Pazartesi, Aralık 11, 2006

Tuhaf!

Büyük bir villa, sanırım 4-5 katlı büyük bir saray yavrusu, akşamın bir vakti, villanın içinde büyükçe bir asansör. İçi metalik ve aynalı. Ne işim var orda gecenin bir vakti diye kendi kendime sorup duruyorum. Üzerimdeki zarif siyah tuvalet ve ayağımda da nike spor ayakkabım ile kimine göre tarz kimine göre de ucube bir şekilde asansördeki aynalardan kendimi süzüyor ve allahım ne işim var burada benim, amacım ne, neden yalnızım, kocam nerde ve neden altı kaval üstü şişhaneyim diye söyleniyorum. Zemin kat olduğu her halinden belli 0’a basıp aşağıya inmeyi, arabamı otoparktan almayı istiyorum. Ordan çıkmam lazım biliyorum. İçim daralıyor, asansörün içine sular girmeye başlıyor alttan biryerleden. Tuhaf! Bu ıslaklık da ne? Çişim de yok, katiyen ben yapmış olamam, yerler ıpıslak oldu, kahretsin, iyi ki spor ayakkabılarım ayağımda, yoksa o topuklularla nasıl inecektim malikanenin mermer merdivenlerinden. Ohh neyse durdu asansör bir de kapısı açılsa, hah açılıyor…
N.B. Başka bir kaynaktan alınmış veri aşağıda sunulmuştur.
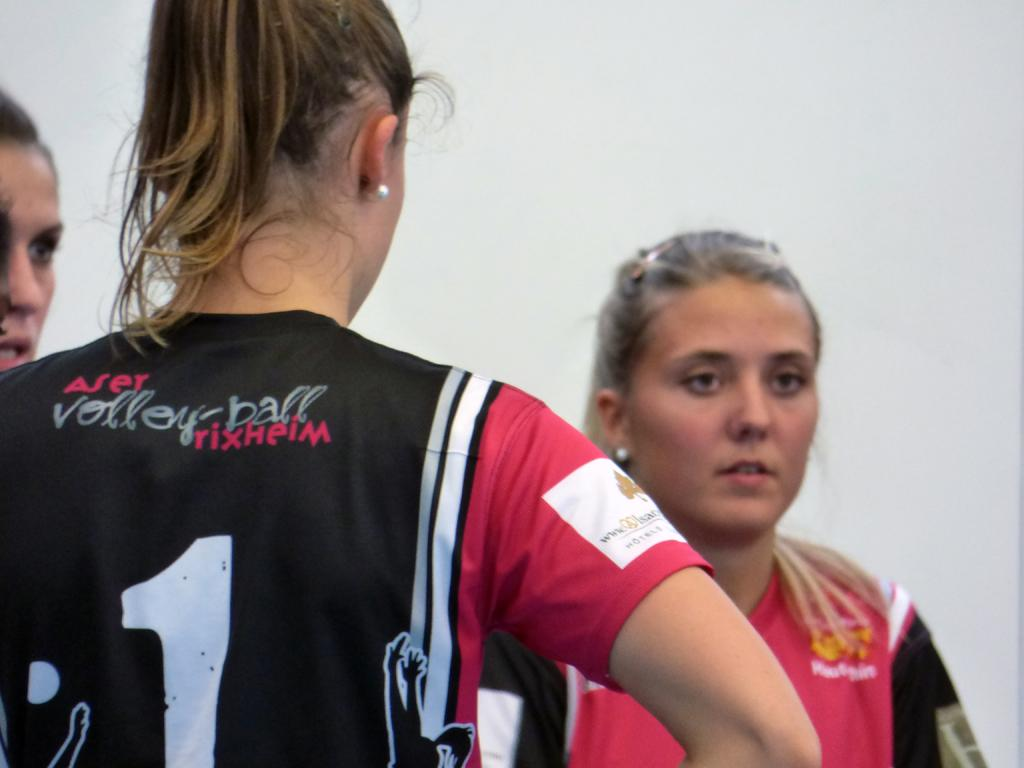<image>
Write a terse but informative summary of the picture. The girls pictured are part of a volley ball team. 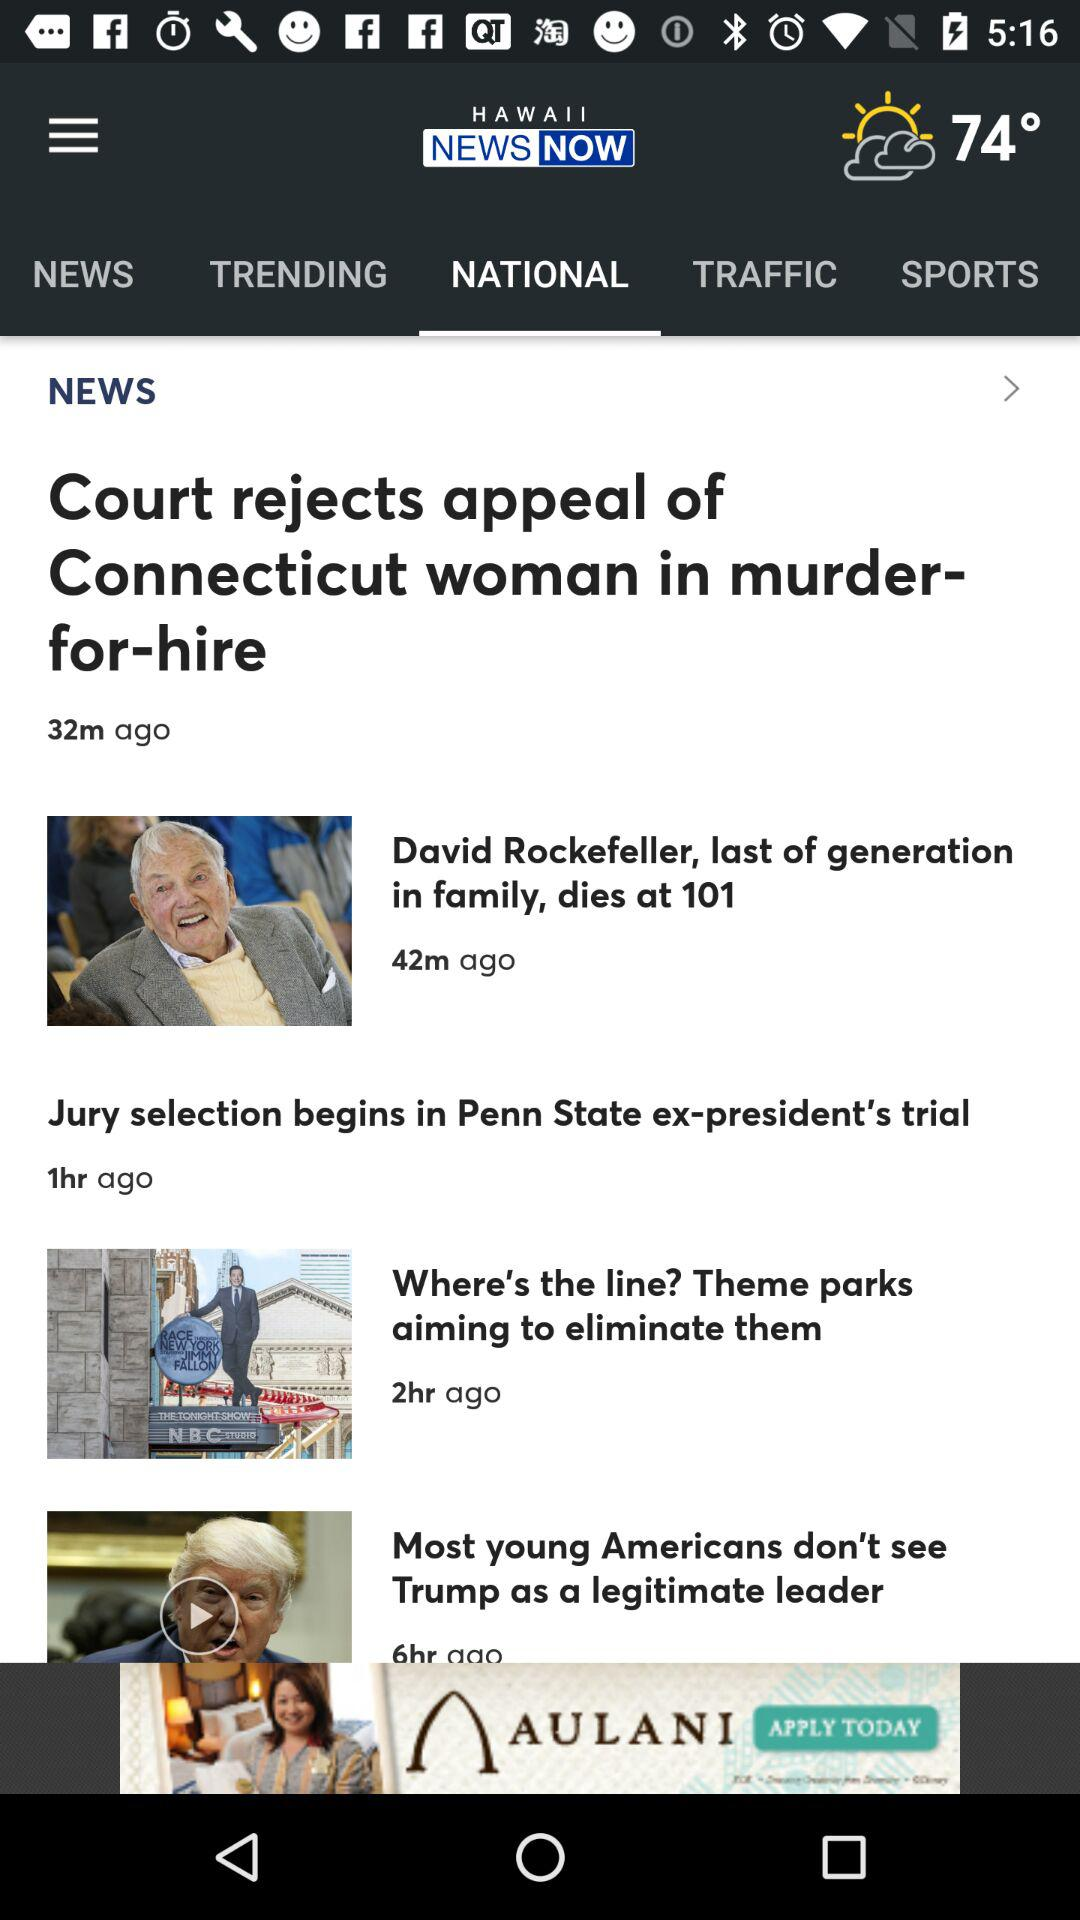Which tab is selected? The selected tab is "NATIONAL". 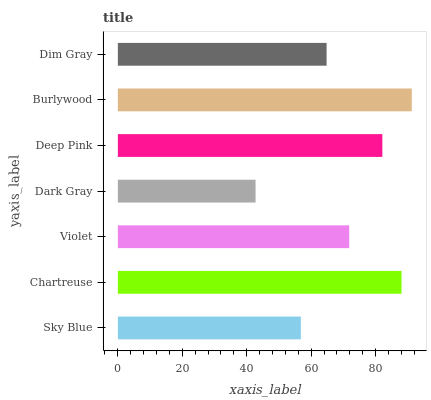Is Dark Gray the minimum?
Answer yes or no. Yes. Is Burlywood the maximum?
Answer yes or no. Yes. Is Chartreuse the minimum?
Answer yes or no. No. Is Chartreuse the maximum?
Answer yes or no. No. Is Chartreuse greater than Sky Blue?
Answer yes or no. Yes. Is Sky Blue less than Chartreuse?
Answer yes or no. Yes. Is Sky Blue greater than Chartreuse?
Answer yes or no. No. Is Chartreuse less than Sky Blue?
Answer yes or no. No. Is Violet the high median?
Answer yes or no. Yes. Is Violet the low median?
Answer yes or no. Yes. Is Burlywood the high median?
Answer yes or no. No. Is Dim Gray the low median?
Answer yes or no. No. 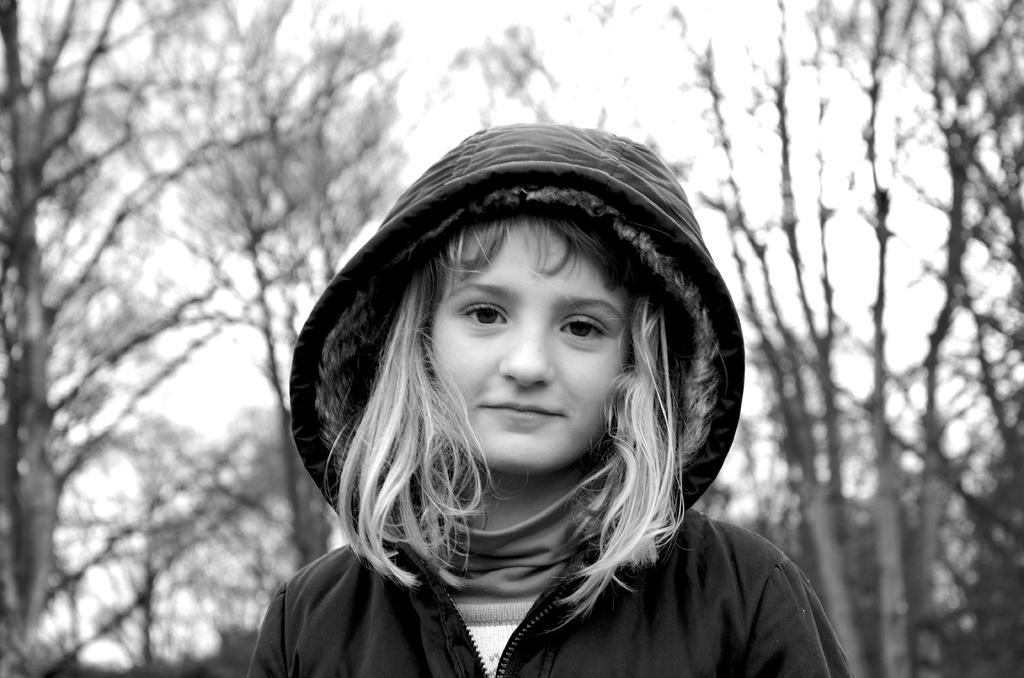What is the color scheme of the image? The image is black and white. Who or what is the main subject in the image? There is a girl in the image. What can be seen in the background of the image? There are trees and the sky visible in the background of the image. What type of wool is the girl wearing in the image? There is no wool visible in the image, as the image is black and white and does not show any clothing details. 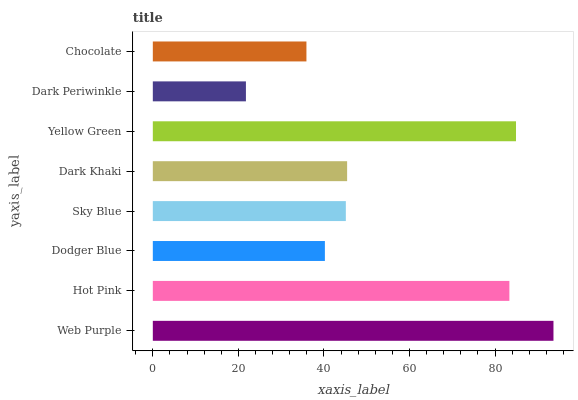Is Dark Periwinkle the minimum?
Answer yes or no. Yes. Is Web Purple the maximum?
Answer yes or no. Yes. Is Hot Pink the minimum?
Answer yes or no. No. Is Hot Pink the maximum?
Answer yes or no. No. Is Web Purple greater than Hot Pink?
Answer yes or no. Yes. Is Hot Pink less than Web Purple?
Answer yes or no. Yes. Is Hot Pink greater than Web Purple?
Answer yes or no. No. Is Web Purple less than Hot Pink?
Answer yes or no. No. Is Dark Khaki the high median?
Answer yes or no. Yes. Is Sky Blue the low median?
Answer yes or no. Yes. Is Dodger Blue the high median?
Answer yes or no. No. Is Web Purple the low median?
Answer yes or no. No. 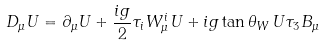<formula> <loc_0><loc_0><loc_500><loc_500>D _ { \mu } U = \partial _ { \mu } U + \frac { { i } g } { 2 } \tau _ { i } W ^ { i } _ { \mu } U + { i } g \tan \theta _ { W } \, U \tau _ { 3 } B _ { \mu }</formula>

Kapı açıldı her iki yanından biri sağa biri sola doğru bıızt bııızzt diye . aman tanrım bu kadın! Asansöre binmek için tam karşımda duruyor, iyi de neden bomboş dışarısı, neden zemin katta bir Allahın kulu yok? Bu kadın neden bana hain hain dik dik bakıyor? Aman allahım o üzerinde her zamanki dar kırmızı mini tuvalet, silikonlu dudaklarına sürdüğü kırmızı ruju, boyun hizasındaki sarı kabarık fönlü saçları, topuklu stilettoları. Aman allahım, o elinde parlayan ne? Bir bıçak! Peki neden bana chucky gibi bir yüz ifadesi ile bakıyor? Hem neden buradaki ışıklar kesilmiş? Üzerime yürüyor, “hen hen hen hen, ölüceksiiiin”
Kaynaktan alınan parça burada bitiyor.